DATA -
▬▬▬▬▬▬▬▬▬▬

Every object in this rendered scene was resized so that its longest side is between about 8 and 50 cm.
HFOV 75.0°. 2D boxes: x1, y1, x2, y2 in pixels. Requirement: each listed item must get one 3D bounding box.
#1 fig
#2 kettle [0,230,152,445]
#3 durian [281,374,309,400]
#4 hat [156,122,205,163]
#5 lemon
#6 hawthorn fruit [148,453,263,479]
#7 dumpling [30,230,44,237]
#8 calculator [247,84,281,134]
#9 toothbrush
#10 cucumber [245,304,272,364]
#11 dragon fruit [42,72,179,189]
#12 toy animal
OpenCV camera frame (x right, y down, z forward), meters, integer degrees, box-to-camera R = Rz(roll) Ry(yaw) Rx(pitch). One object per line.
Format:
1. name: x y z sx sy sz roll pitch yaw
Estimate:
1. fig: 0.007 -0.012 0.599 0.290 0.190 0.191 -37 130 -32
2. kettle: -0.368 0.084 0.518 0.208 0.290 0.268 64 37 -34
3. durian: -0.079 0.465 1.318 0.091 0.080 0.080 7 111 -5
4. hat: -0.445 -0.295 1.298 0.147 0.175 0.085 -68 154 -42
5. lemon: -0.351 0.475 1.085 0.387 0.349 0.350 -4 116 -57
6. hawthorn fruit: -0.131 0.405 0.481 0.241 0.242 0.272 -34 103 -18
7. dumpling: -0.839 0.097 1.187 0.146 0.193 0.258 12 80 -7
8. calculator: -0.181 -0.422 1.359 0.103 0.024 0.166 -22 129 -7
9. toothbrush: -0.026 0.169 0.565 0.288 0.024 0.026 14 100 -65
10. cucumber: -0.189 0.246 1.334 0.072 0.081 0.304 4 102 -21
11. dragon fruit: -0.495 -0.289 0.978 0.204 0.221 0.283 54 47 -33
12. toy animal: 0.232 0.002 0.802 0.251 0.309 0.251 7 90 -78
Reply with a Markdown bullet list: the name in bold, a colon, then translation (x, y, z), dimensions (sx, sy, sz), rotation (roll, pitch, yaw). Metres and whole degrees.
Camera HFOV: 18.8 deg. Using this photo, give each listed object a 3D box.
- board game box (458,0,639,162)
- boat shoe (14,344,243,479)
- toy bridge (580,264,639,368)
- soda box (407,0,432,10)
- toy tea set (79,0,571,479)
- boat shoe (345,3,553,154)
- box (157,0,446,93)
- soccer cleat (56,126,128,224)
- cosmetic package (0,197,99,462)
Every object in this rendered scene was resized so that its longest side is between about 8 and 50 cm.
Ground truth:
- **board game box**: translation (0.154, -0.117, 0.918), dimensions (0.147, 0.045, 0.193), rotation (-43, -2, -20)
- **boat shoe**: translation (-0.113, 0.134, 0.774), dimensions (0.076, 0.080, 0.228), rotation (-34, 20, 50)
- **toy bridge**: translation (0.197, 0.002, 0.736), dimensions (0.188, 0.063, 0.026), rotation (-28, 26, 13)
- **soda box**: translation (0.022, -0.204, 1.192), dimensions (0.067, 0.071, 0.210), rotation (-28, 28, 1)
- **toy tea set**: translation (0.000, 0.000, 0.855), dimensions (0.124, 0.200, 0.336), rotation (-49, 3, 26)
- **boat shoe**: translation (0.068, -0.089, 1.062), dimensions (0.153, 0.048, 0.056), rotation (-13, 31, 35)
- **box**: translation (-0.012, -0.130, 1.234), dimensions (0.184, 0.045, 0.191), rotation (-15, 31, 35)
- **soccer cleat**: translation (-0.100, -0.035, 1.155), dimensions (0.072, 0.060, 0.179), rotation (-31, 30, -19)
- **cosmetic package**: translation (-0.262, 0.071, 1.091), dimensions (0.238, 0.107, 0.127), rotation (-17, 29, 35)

▬▬▬▬▬▬▬▬▬▬

PROBLEM REQUIREMENTS -
Write out word for word only the lines from the start of the entries down to the line with "1. name: x y z sx sy sz roll pitch yaw", please, including both ends.

ANSWER SPACE -
Every object in this rendered scene was resized so that its longest side is between about 8 and 50 cm.
HFOV 75.0°. 2D boxes: x1, y1, x2, y2 in pixels. Requirement: each listed item must get one 3D bounding box.
#1 fig
#2 kettle [0,230,152,445]
#3 durian [281,374,309,400]
#4 hat [156,122,205,163]
#5 lemon
#6 hawthorn fruit [148,453,263,479]
#7 dumpling [30,230,44,237]
#8 calculator [247,84,281,134]
#9 toothbrush
#10 cucumber [245,304,272,364]
#11 dragon fruit [42,72,179,189]
#12 toy animal
OpenCV camera frame (x right, y down, z forward), meters, integer degrees, box-to-camera R = Rz(roll) Ry(yaw) Rx(pitch). One object per line.
Format:
1. name: x y z sx sy sz roll pitch yaw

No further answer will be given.